Open  Terminal window  and  start  pig command  line  interface  to  Pig.  Use  pig command line interface to implement the following actions. Implementation of each step is worth 1 mark.

(1)  Use load command to load the files truck.csv, driver.csv and trip.csv from HDFS into a Pig storage.

Use Pig  Latin  and  Pig  Grunt  command  line  interface  to  implement  and  process  the following queries.

(2)  Find the full names (first-name, last name) of drivers who used the trucks manufactured (make) either by DAF or MAN.

(3)  Find the full names (first-name, last name) of drivers who used the trucks manufactured (make) by DAF and on the other occasion manufactured by MAN.

(4)  Find the full names (first-name, last name) of drivers who never travelled to Albany.

(5)  Find the total number of times each truck (registration) was used on a trip to Albany.  There is no need to list the trucks never used on any trip to Albany.

Once completed,  copy the  entire contents of the Terminal window,  including data loading outputs, processed queries, ALL messages, and ALL results, to the clipboard. Then, paste these contents into a text file named solution3.txt.

Deliverables

A file solution3.txt that contains a listing of data loadings and queries performed above , ALL messages and the results of operations. A file solution3.txt must be created through  Copy/Paste  of the  entire  contents  of  Terminal window  into  a  file solution3.txt.  No  screen  dumps  are  allowed  and  no  screen  dumps  will  be evaluated. Solutions that do not include the query processing messages will not receive any marks.

Task 4 (5 marks)

Data processing with Spark

Consider the following logical schema of two-dimensional data cube.

Download  a  file  task4.zip published  on  Moodle  together  with  a  specification  of Assignment 3 and unzip it. You should obtain a folder task4 with the following files: driver.csv, truck.csv and trip.csv.

Use a text editor to examine the contents ofthe files.

Upload the files into HDFS.

Open Terminal window and start pyspark command line interface to Spark. Use pyspark command line interface to implement the following actions. Implementation of each step is worth 1 mark.

(1)  Create the schemas for the files   truck.csv, driver.csv, and trip.csv.

(2)  Create the data frames with the contents of the files truck.csv,  driver.csv, and trip.csv using the schemas created in the previous step.

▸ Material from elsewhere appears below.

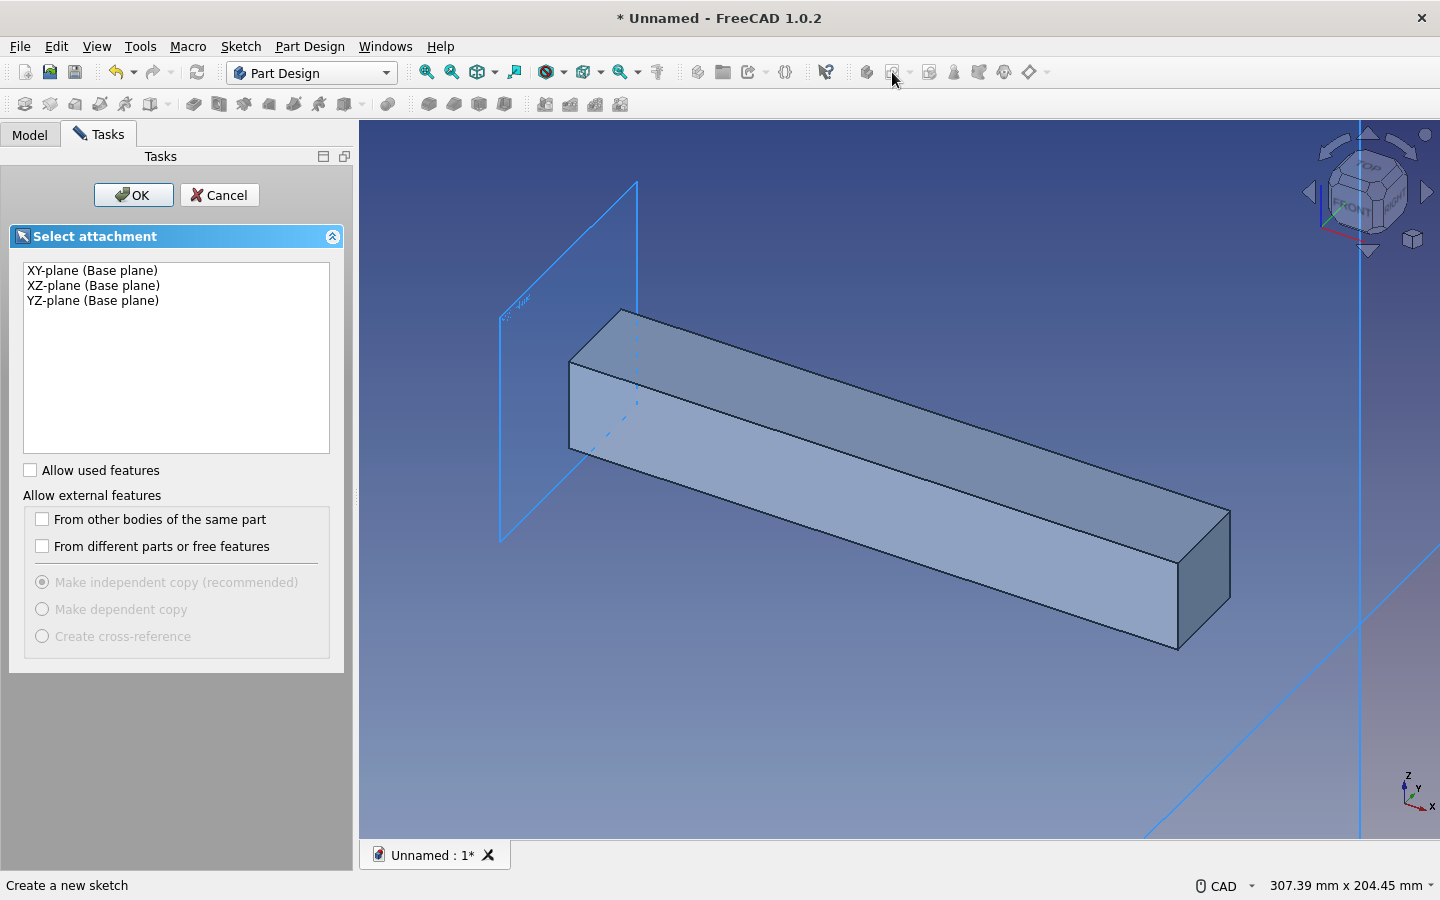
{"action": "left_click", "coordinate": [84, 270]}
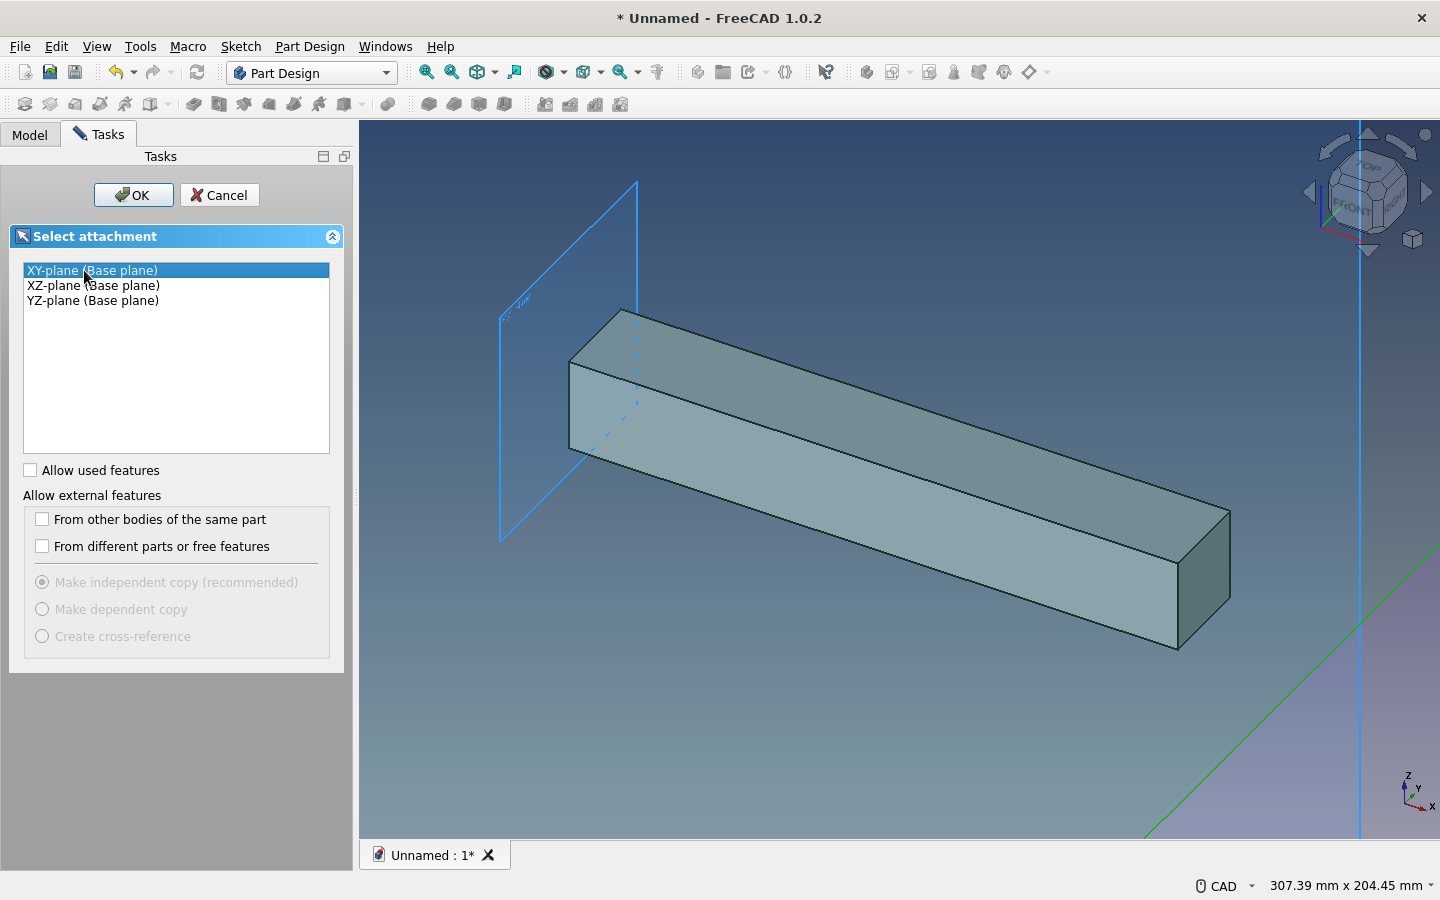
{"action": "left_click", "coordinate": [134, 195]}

Count the total number of rows in each frame and then list the contents of each frame.

(3)  Create and process the  following query directly on the trips DataFrame, without creating a temporary view.

Find the total number of times each driver (license, first name, last name) travelled to Albany. There is no need to list the drivers who never travelled to Albany.

(4)  Create a temporary view over a data frame with information about the trips and drivers.

(5)  Execute the following query on a temporary view containing information about the trips and drivers.

Find the total number of times each driver (license, first name, last name) travelled to Albany. There is no need to list the drivers who never travelled to Albany.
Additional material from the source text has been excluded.